What if I extend my hand and find no one to hold it? What if someone reaches for me and doesn’t find me there? The thought is so scary that I can feel my insides turn to ice and I actually start shedding tears. And all this is just because of the thought.

Then what about those whose world was rent apart when the twin towers went down? When the tube ripped apart miles below ground level? When the daily trip home turned into a bloodbath on a crowded local train? When the innocent-looking cycle blew to pieces anything and anyone around it? And many many more such incidents. What did they do wrong? And worse still…what about those they left behind? Those unfulfilled dreams now left behind like a painting half-done or a story half-told? Plans nearing completion or just at inception…what happened to them? Were those left behind able to move on? Can the void ever be filled? What about the regret for all the things that should have been said / should have happened, but couldn’t any longer? Who will be the deliverer for all these innocent lives, marred for as long as they live?

I can still feel the numbness at these thoughts. And all I know is…count your blessings…count what you have today…count ‘who’ matters today. Share life, time and whatever you have with those you want to share it with. Prioritize today. We never know what tomorrow brings.

My thoughts go out to those affected by 9/11...and all other innocent lives ever affected by an action the cause of which was far removed from their daily lives…

Tuesday, September 2, 2008

Some days are meant to be a comedy of errors…yet some others are meant to be “Oh God kill me please…please please please!”…yet some others are “AAAAAAAAAAAAAAAAaa……..” days!

I recently had an “AAAAAAAAAAAAAAA……” day…believe me!

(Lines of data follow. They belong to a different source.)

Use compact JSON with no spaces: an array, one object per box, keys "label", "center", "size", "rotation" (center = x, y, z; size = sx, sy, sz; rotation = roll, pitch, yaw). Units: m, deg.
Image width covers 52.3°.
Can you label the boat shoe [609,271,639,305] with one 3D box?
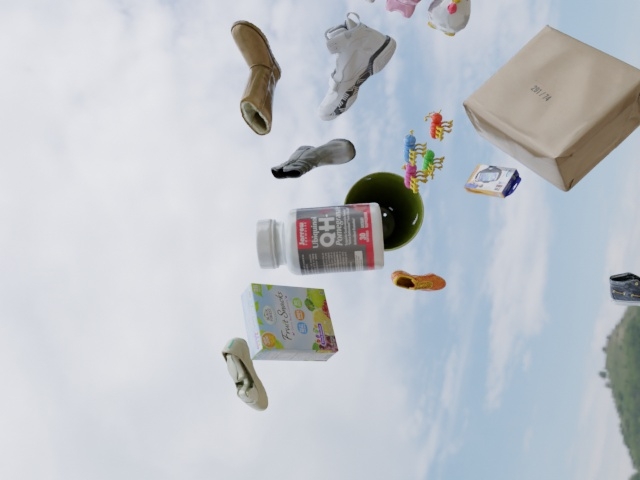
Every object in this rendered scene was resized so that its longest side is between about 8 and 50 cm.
[{"label":"boat shoe","center":[0.884,0.132,1.775],"size":[0.065,0.184,0.083],"rotation":[-55,-47,-49]}]

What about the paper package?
[{"label":"paper package","center":[0.592,-0.338,1.642],"size":[0.309,0.325,0.168],"rotation":[-44,-39,1]}]

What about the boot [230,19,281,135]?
[{"label":"boot","center":[-0.194,-0.474,1.881],"size":[0.236,0.089,0.269],"rotation":[48,-144,-37]}]

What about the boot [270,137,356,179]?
[{"label":"boot","center":[-0.022,-0.235,1.997],"size":[0.161,0.247,0.083],"rotation":[-45,-58,-43]}]

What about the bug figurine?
[{"label":"bug figurine","center":[0.309,-0.269,1.977],"size":[0.279,0.072,0.216],"rotation":[-41,-40,-45]}]

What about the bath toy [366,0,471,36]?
[{"label":"bath toy","center":[0.177,-0.566,1.437],"size":[0.151,0.349,0.129],"rotation":[-73,5,-49]}]

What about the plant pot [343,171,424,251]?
[{"label":"plant pot","center":[0.213,-0.078,2.339],"size":[0.293,0.275,0.274],"rotation":[88,-167,-82]}]

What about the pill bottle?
[{"label":"pill bottle","center":[0.000,0.000,1.683],"size":[0.176,0.319,0.176],"rotation":[-4,-90,-87]}]

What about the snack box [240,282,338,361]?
[{"label":"snack box","center":[-0.075,0.197,1.559],"size":[0.207,0.070,0.174],"rotation":[6,-127,-30]}]

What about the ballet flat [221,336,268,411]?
[{"label":"ballet flat","center":[-0.216,0.392,1.829],"size":[0.086,0.086,0.248],"rotation":[-39,-64,-49]}]

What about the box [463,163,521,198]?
[{"label":"box","center":[0.442,-0.152,1.667],"size":[0.028,0.136,0.081],"rotation":[46,-110,-35]}]

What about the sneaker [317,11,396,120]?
[{"label":"sneaker","center":[0.067,-0.589,2.206],"size":[0.210,0.366,0.137],"rotation":[34,-154,-22]}]

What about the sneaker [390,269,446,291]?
[{"label":"sneaker","center":[0.298,0.133,1.977],"size":[0.067,0.175,0.064],"rotation":[-106,23,-65]}]

So I woke up as usual…happy that I booked my cab the previous evening…breakfast good…maid on time…cabbie calls at 8:25 to confirm he has arrived and is waiting on the main road….yippeeJ
Happily fed n thankfully free of a cold, happy me walketh the walk to the main road…humming the “singh is king singh is king singh is king…toietoietoie (my rendition of the instrumental bit)” I progress to the point opp the ATM where my cabbie awaits…BOINNNNNNNNNG! No cab….now where the hell did he vanish…so I called him n he says “madam I am opposite the ATM madam”…fearing that my eyesight had finally broken all connection with my mental faculties (whatever teeny bit I have left….before my frns out thr can comment on that…) I looked all around…auto guy…mom dragging kid to school…nope…no cab. So I called again…tring tring tring…..no reply…call…tring tring tring…whatever happened to this guy?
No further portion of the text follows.